Safe Consensus of Cooperative Manipulation with Hierarchical Event-Triggered Control Barrier Functions

TL;DR

This paper introduces a distributed control framework using hierarchical event-triggered control barrier functions for safe, coordinated manipulation by multiple robots, reducing computation and communication while ensuring safety.

Contribution

It presents a novel hierarchical event-triggered safety architecture integrated with a consensus protocol for multi-robot manipulation with safety guarantees.

Findings

Successfully validated on real-world hardware with two Franka manipulators.

Achieved higher precision cooperation under safety constraints.

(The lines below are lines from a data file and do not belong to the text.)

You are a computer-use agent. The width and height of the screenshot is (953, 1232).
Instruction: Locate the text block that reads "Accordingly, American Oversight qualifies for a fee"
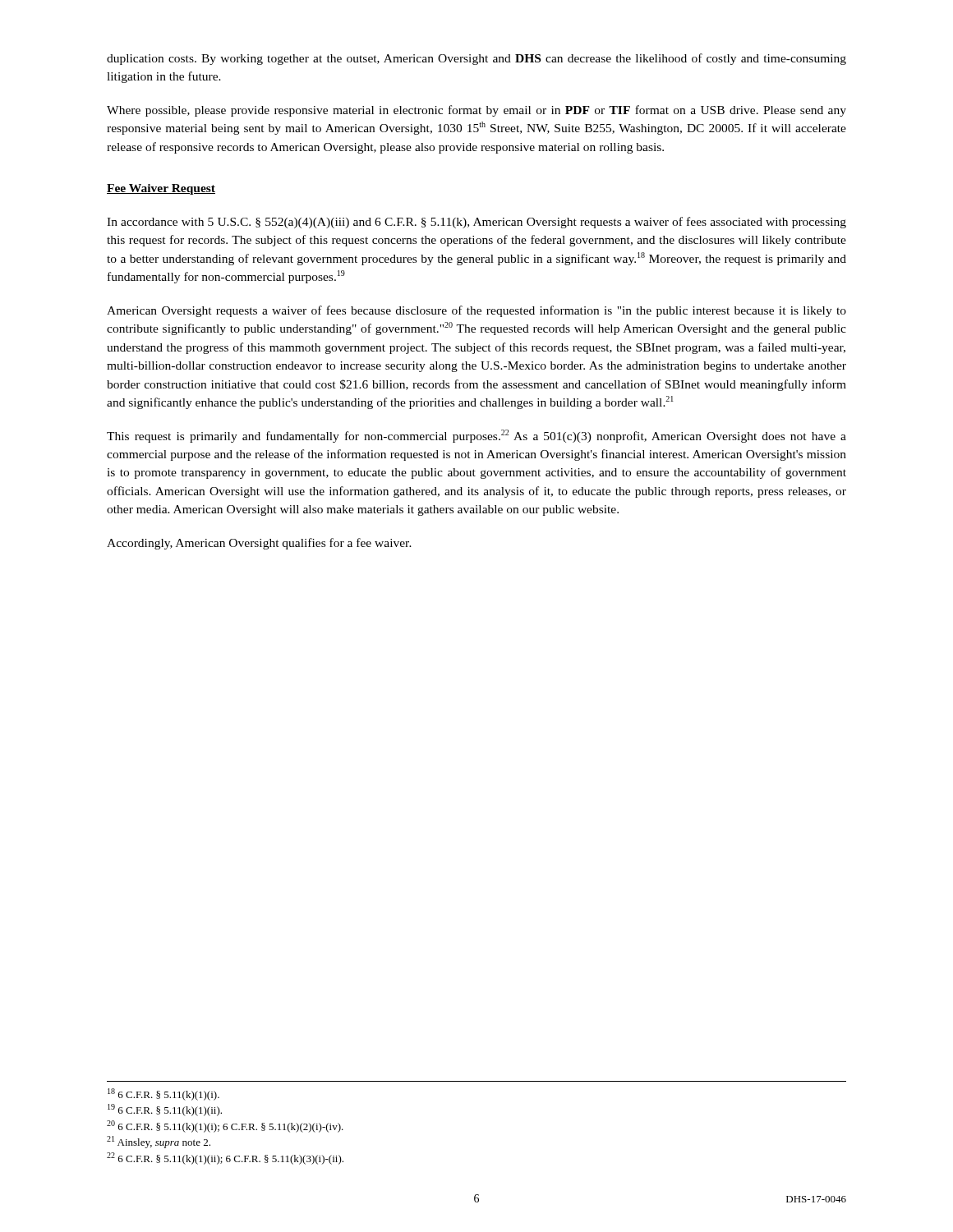point(259,544)
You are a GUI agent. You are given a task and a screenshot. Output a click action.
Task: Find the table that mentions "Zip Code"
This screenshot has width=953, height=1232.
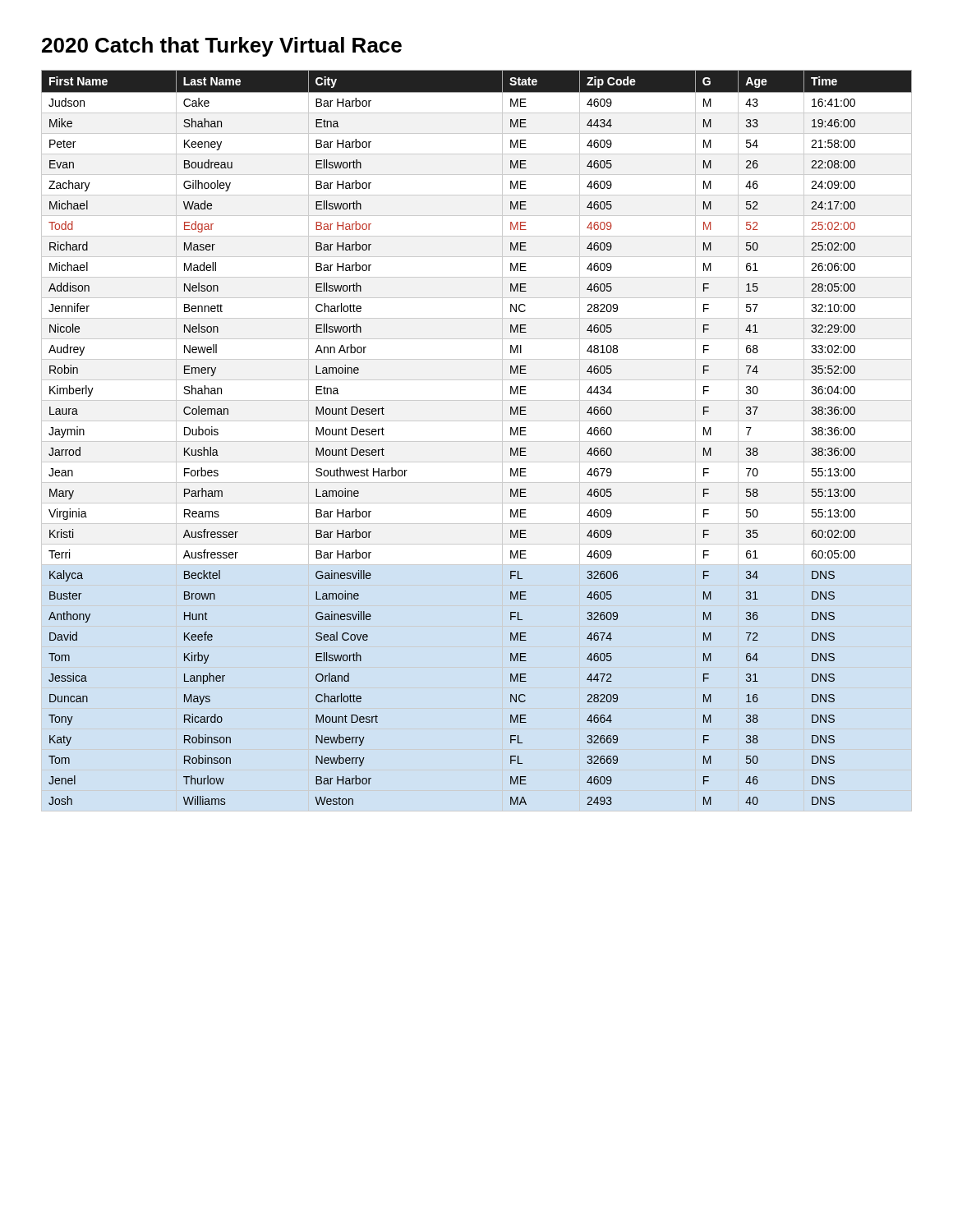point(476,441)

Significantly reduced computational cost and communication frequency.

Abstract

Cooperative transport and manipulation of heavy or bulky payloads by multiple manipulators requires coordinated formation tracking, while simultaneously enforcing strict safety constraints in varying environments with limited communication and real-time computation budgets. This paper presents a distributed control framework that achieves consensus coordination with safety guarantees via hierarchical event-triggered control barrier functions (CBFs). We first develop a consensus-based protocol that relies solely on local neighbor information to enforce both translational and rotational consistency in task space. Building on this coordination layer, we propose a three-level hierarchical event-triggered safety architecture with CBFs, which is integrated with a risk-aware leader selection and smooth switching strategy to reduce online computation. The proposed approach is validated through real-world hardware experiments using two Franka manipulators operating with static obstacles, as well as comprehensive simulations demonstrating scalable multi-arm cooperation with dynamic obstacles. Results demonstrate higher precision cooperation under strict safety constraints, achieving substantially reduced computational cost and communication frequency compared to baseline methods.